Reese Sara M, Knepper Bryan, Young Heather L, Mauffrey Cyril
Department of Patient Safety & Quality, Denver Health Medical Center, 777 Bannock St, Mailcode 0980, Denver CO, 80204, United States.
Department of Patient Safety & Quality, Denver Health Medical Center, 660 Bannock St, Mailcode 4000, Denver CO, 80204, United States.
Injury. 2017 Dec;48(12):2699-2704. doi: 10.1016/j.injury.2017.10.011. Epub 2017 Oct 9.
The CDC's National Healthcare Safety Network's (NHSN) current risk adjustment model for surgical site infections (SSI) following open reduction internal fixation (ORIF) of long bone fractures is a suboptimal predictor of risk. We hypothesized that by including variables known to be associated with SSI following ORIF, we would develop a model that would increase the accuracy and predictability of SSI risk.
Patients who underwent ORIF of a long bone between January 1, 2012 and December 31, 2014 were included in the study (n=1543). Patient risk factors, injury risk factors and perioperative risk factors were considered in the development of this model. We developed a risk prediction model for SSI following ORIF and then applied this to a new dataset of ORIF to determine the expected number of infections. This was compared to the expected number of infections calculated using the NHSN risk adjusted model.

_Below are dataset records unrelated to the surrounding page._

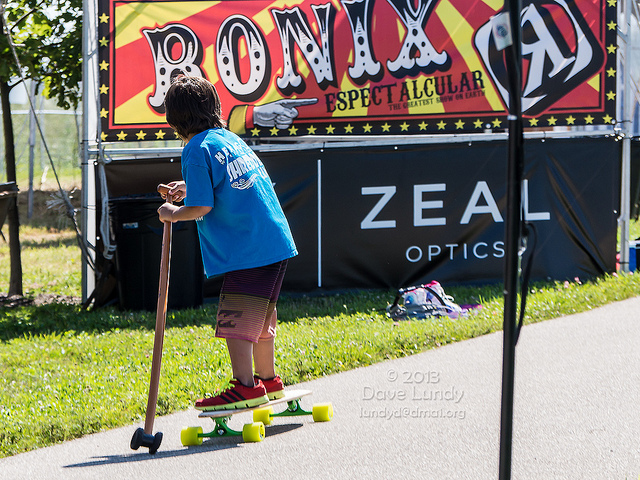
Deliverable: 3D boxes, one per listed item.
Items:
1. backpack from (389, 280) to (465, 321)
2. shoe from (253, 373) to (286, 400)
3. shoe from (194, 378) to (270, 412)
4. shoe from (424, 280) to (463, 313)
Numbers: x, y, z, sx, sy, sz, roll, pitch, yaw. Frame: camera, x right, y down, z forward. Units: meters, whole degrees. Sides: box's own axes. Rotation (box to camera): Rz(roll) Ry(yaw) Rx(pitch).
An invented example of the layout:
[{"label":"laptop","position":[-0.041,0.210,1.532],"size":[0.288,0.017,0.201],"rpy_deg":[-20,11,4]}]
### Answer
[{"label":"backpack","position":[1.240,0.758,10.598],"size":[0.579,0.255,0.478],"rpy_deg":[-5,-1,-30]},{"label":"shoe","position":[-0.463,1.280,7.852],"size":[0.333,0.185,0.131],"rpy_deg":[1,2,26]},{"label":"shoe","position":[-0.720,1.337,7.741],"size":[0.677,0.381,0.274],"rpy_deg":[0,-4,4]},{"label":"shoe","position":[1.441,0.684,10.772],"size":[0.203,0.317,0.620],"rpy_deg":[-2,2,-32]}]

The final multivariate model included age (odds ratio: 1.02, p-value<0.001, 95% confidence interval: 1.00-1.04), lower leg fracture (2.63, 0.004, 1.40-4.93), open fracture (1.87, 0.07, 0.93-3.76), American Society of Anesthesiologists (ASA) (2.09, 0.02, 1.07-4.08) and history of methicillin-resistant Staphylococcus aureus (MRSA), which was the most important predictor of infection (7.20, <0.001, 2.61-19.85). The c-index was 0.74 compared to 0.65 for the NHSN model, indicating that our model more accurate in estimating infection risk. When the developed model was used to predict the number of expected infections on a new dataset from 2015, 36.3 SSI were expected compared to 5.7 calculated by the NHSN model.
The model that was developed uses five easily identifiable risk factors that result in a more accurate prediction of infection at our facility than the currently used model.
Prognostic and epidemiologic study, level III.
美国疾病控制与预防中心(CDC)的国家医疗安全网络(NHSN)当前用于长骨骨折切开复位内固定术(ORIF)后手术部位感染(SSI)的风险调整模型对风险的预测效果欠佳。我们假设,通过纳入已知与ORIF术后SSI相关的变量,我们可以开发出一个能提高SSI风险预测准确性和可预测性的模型。
纳入2012年1月1日至2014年12月31日期间接受长骨ORIF手术的患者(n = 1543)。本模型的开发考虑了患者风险因素、损伤风险因素和围手术期风险因素。我们开发了一个ORIF术后SSI的风险预测模型,然后将其应用于一个新的ORIF数据集,以确定预期感染数。将其与使用NHSN风险调整模型计算出的预期感染数进行比较。
最终的多变量模型包括年龄(比值比:1.02,p值<0.001,95%置信区间:1.00 - 1.04)、小腿骨折(2.63,0.004,1.40 - 4.93)、开放性骨折(1.87,0.07,0.93 - 3.76)、美国麻醉医师协会(ASA)分级(2.09,0.02,1.07 - 4.08)以及耐甲氧西林金黄色葡萄球菌(MRSA)感染史,其中MRSA感染史是最重要的感染预测因素(7.20,<0.001,2.61 - 19.85)。本模型的c指数为0.74,而NHSN模型的c指数为0.65,这表明我们的模型在估计感染风险方面更准确。当使用开发的模型预测2015年新数据集的预期感染数时,预期SSI为36.3例,而NHSN模型计算出的为5.7例。
所开发的模型使用了五个易于识别的风险因素,与目前使用的模型相比,能更准确地预测我们机构的感染情况。
预后和流行病学研究,III级。